As an intellectual exercise, It Follows is has plenty to think about in terms of the nature of its inexplicable monster and the ways it infects our emotional and biological imperatives—as a style exercise, it uses that concept to generate fear in situations that you wouldn’t expect, and in a way that’s not crassly showy. As much as those early reviews hyped this up as a terrifying experience, though, I never really found it particularly scary—the pointedly straightforward nature of its supernatural monstrosity always seemed more theoretically creepy, with a few moments of distressing imagery (and a select few more outright violent horror moments that honestly felt out of a place) being as close to disturbing as it got.
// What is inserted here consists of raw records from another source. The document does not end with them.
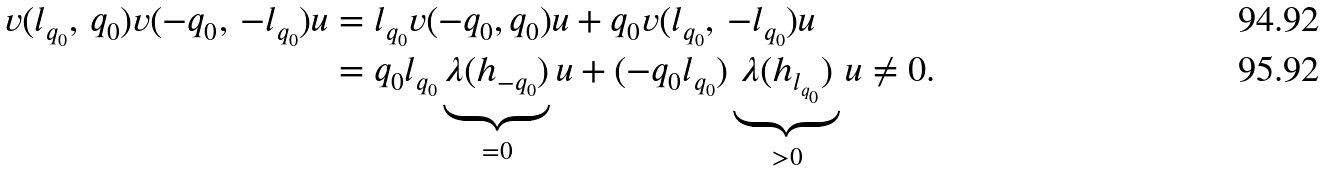<formula> <loc_0><loc_0><loc_500><loc_500>v ( l _ { q _ { 0 } } , \, q _ { 0 } ) v ( - q _ { 0 } , \, - l _ { q _ { 0 } } ) u & = l _ { q _ { 0 } } v ( - q _ { 0 } , q _ { 0 } ) u + q _ { 0 } v ( l _ { q _ { 0 } } , \, - l _ { q _ { 0 } } ) u \\ & = q _ { 0 } l _ { q _ { 0 } } \underbrace { \lambda ( h _ { - q _ { 0 } } ) } _ { = 0 } u + ( - q _ { 0 } l _ { q _ { 0 } } ) \underbrace { \lambda ( h _ { l _ { q _ { 0 } } } ) } _ { > 0 } u \ne 0 .</formula> 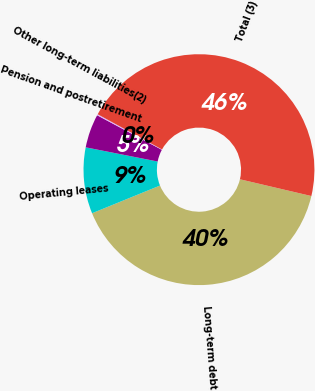<chart> <loc_0><loc_0><loc_500><loc_500><pie_chart><fcel>Long-term debt<fcel>Operating leases<fcel>Pension and postretirement<fcel>Other long-term liabilities(2)<fcel>Total (3)<nl><fcel>40.17%<fcel>9.26%<fcel>4.71%<fcel>0.16%<fcel>45.7%<nl></chart> 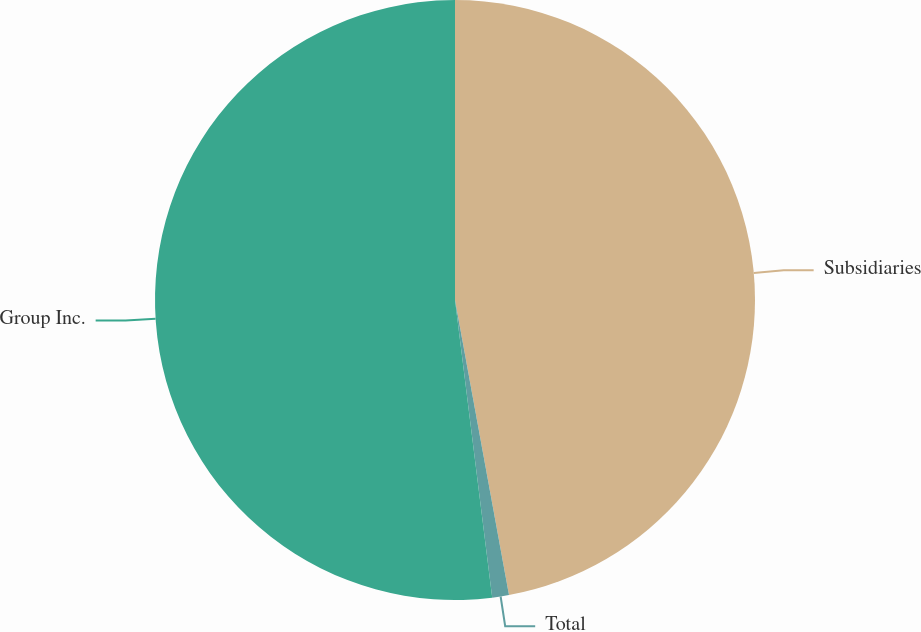Convert chart to OTSL. <chart><loc_0><loc_0><loc_500><loc_500><pie_chart><fcel>Subsidiaries<fcel>Total<fcel>Group Inc.<nl><fcel>47.12%<fcel>0.9%<fcel>51.98%<nl></chart> 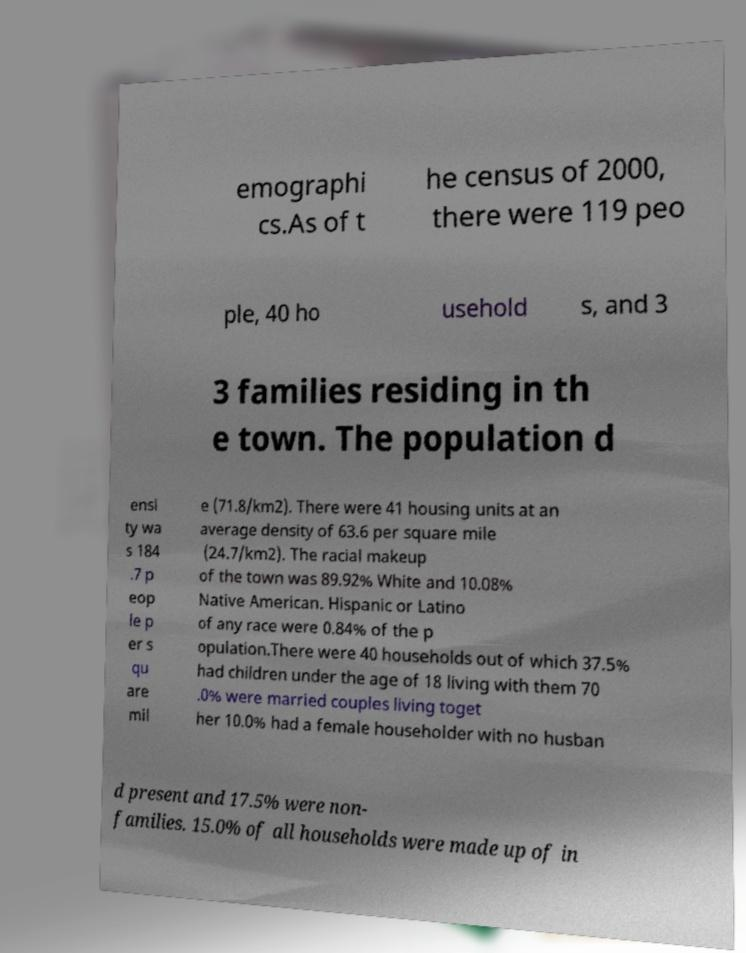For documentation purposes, I need the text within this image transcribed. Could you provide that? emographi cs.As of t he census of 2000, there were 119 peo ple, 40 ho usehold s, and 3 3 families residing in th e town. The population d ensi ty wa s 184 .7 p eop le p er s qu are mil e (71.8/km2). There were 41 housing units at an average density of 63.6 per square mile (24.7/km2). The racial makeup of the town was 89.92% White and 10.08% Native American. Hispanic or Latino of any race were 0.84% of the p opulation.There were 40 households out of which 37.5% had children under the age of 18 living with them 70 .0% were married couples living toget her 10.0% had a female householder with no husban d present and 17.5% were non- families. 15.0% of all households were made up of in 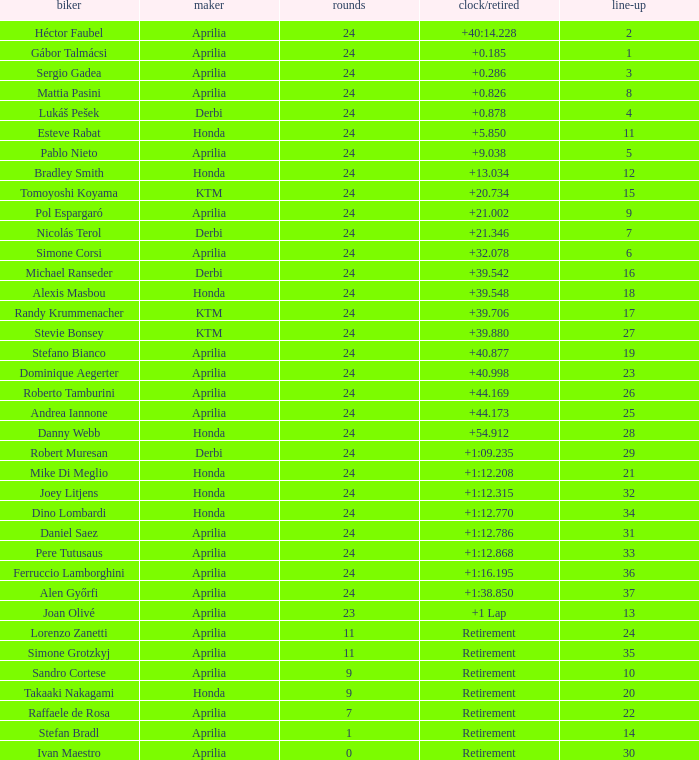How many grids have over 24 laps with a time/retired of +1:1 None. 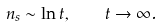<formula> <loc_0><loc_0><loc_500><loc_500>n _ { s } \sim \ln t , \quad t \to \infty .</formula>

That could just be me, though—I can imagine this stuff having a real visceral effect on others, especially people in the age range of the cast. For a supernatural monster movie, it does go into new territory, planting itself into the most intimate aspects of relationships, sex, and interpersonal trust, and burrowing in deep—this is a monster with an eternally relevant meaning, and once it’s there, it will never go away.